Solve: Fraction Division with Negative 5 Cubed in Denominator (10/(-5)³)

Note that:

a.

$10=5\cdot2$

Recall the law of exponents for a multiplication operating inside of parentheses:

$(a\cdot b)^n=a^n\cdot b^n$

According to this, we obtain the following:

$(-5)^3=(-1\cdot5)^3=(-1)^3\cdot5^3=-1\cdot5^3=-5^3$

We want to use the knowledge in 'a' in order to obtain terms with identical bases in both the numerator and denominator,

Let's return to the problem and apply the knowledge obtained from both 'a' and 'b':

$\frac{10}{(-5)^3}=\frac{2\cdot5}{-5^3}=\frac{2}{-1}\cdot\frac{5}{5^3}=-2\cdot\frac{5}{5^3}$

In the first stage we used 'a' in the numerator and 'b' in the fraction's denominator. In the next stage we presented the fraction as a multiplication of fractions according to the rule for multiplying fractions, then we proceeded to simplify the first fraction in the multiplication.

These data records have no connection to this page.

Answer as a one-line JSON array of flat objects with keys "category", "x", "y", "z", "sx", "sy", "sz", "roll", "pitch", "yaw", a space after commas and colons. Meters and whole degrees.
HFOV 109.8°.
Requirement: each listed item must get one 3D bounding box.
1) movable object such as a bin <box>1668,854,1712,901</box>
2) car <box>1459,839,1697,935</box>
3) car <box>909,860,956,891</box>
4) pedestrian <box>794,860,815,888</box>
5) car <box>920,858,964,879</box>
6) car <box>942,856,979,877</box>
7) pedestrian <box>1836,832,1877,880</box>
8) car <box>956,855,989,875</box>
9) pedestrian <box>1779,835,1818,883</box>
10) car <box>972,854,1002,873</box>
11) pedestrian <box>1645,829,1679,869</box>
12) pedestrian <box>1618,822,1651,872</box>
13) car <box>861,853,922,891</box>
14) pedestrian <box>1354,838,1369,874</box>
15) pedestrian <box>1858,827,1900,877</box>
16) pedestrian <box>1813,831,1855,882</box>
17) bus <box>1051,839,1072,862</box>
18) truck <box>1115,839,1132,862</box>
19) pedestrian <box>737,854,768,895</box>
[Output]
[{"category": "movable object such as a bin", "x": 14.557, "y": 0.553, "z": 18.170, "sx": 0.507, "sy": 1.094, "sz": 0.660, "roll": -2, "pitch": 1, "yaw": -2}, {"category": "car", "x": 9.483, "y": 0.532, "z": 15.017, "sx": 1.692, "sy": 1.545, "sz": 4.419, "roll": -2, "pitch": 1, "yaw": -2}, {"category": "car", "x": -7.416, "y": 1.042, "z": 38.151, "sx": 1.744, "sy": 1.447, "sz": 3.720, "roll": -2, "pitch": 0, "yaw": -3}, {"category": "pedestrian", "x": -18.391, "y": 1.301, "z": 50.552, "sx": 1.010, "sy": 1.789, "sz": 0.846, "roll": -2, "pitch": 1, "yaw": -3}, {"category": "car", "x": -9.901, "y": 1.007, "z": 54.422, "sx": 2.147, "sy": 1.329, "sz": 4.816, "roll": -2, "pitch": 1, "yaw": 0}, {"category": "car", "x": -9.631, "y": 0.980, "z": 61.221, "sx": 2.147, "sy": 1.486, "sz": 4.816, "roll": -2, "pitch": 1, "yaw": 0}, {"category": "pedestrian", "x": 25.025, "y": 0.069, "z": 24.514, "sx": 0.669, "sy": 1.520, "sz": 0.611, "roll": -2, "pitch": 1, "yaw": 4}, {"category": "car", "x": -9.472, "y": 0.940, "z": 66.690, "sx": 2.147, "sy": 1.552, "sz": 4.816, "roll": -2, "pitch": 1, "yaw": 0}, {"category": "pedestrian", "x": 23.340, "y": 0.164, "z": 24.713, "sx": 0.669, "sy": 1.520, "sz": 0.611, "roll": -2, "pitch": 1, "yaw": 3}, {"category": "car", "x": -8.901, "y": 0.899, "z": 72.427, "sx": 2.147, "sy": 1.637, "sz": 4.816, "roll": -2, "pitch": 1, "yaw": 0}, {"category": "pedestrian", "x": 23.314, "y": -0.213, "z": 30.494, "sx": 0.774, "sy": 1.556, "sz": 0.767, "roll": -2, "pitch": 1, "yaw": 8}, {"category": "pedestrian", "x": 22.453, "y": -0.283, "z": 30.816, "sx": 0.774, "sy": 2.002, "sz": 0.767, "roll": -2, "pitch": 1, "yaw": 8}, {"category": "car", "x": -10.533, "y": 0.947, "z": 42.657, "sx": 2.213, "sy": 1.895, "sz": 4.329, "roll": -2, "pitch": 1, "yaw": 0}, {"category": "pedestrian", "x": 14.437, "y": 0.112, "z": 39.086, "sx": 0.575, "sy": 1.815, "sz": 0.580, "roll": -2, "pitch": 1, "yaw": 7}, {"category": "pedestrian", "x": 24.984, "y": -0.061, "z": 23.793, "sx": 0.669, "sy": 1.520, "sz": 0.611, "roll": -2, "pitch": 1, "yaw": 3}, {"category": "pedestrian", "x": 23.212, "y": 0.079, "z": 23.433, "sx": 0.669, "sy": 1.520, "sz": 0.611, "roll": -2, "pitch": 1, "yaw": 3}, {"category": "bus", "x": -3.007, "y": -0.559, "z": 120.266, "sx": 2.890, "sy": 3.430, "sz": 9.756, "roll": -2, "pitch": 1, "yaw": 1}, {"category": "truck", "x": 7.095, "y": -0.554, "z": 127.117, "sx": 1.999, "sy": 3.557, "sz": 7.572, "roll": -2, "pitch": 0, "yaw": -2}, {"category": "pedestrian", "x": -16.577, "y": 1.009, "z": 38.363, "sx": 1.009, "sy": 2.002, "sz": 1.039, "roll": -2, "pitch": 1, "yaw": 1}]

Now we'll apply the law of exponents for division between terms with identical bases:

$\frac{a^m}{a^n}=a^{m-n}$

Apply this law to the expression as shown below:

$-2\cdot\frac{5}{5^3}=-2\cdot5^{1-3}=-2\cdot5^{-2}$

In the first stage we applied this law to the fraction in the multiplication and then proceeded to simplify the expression that we obtained,

Let's summarize the various steps of the solution:

$\frac{10}{(-5)^3} =-2\cdot\frac{5}{5^3} =-2\cdot5^{-2}$

Therefore, the correct answer is answer b.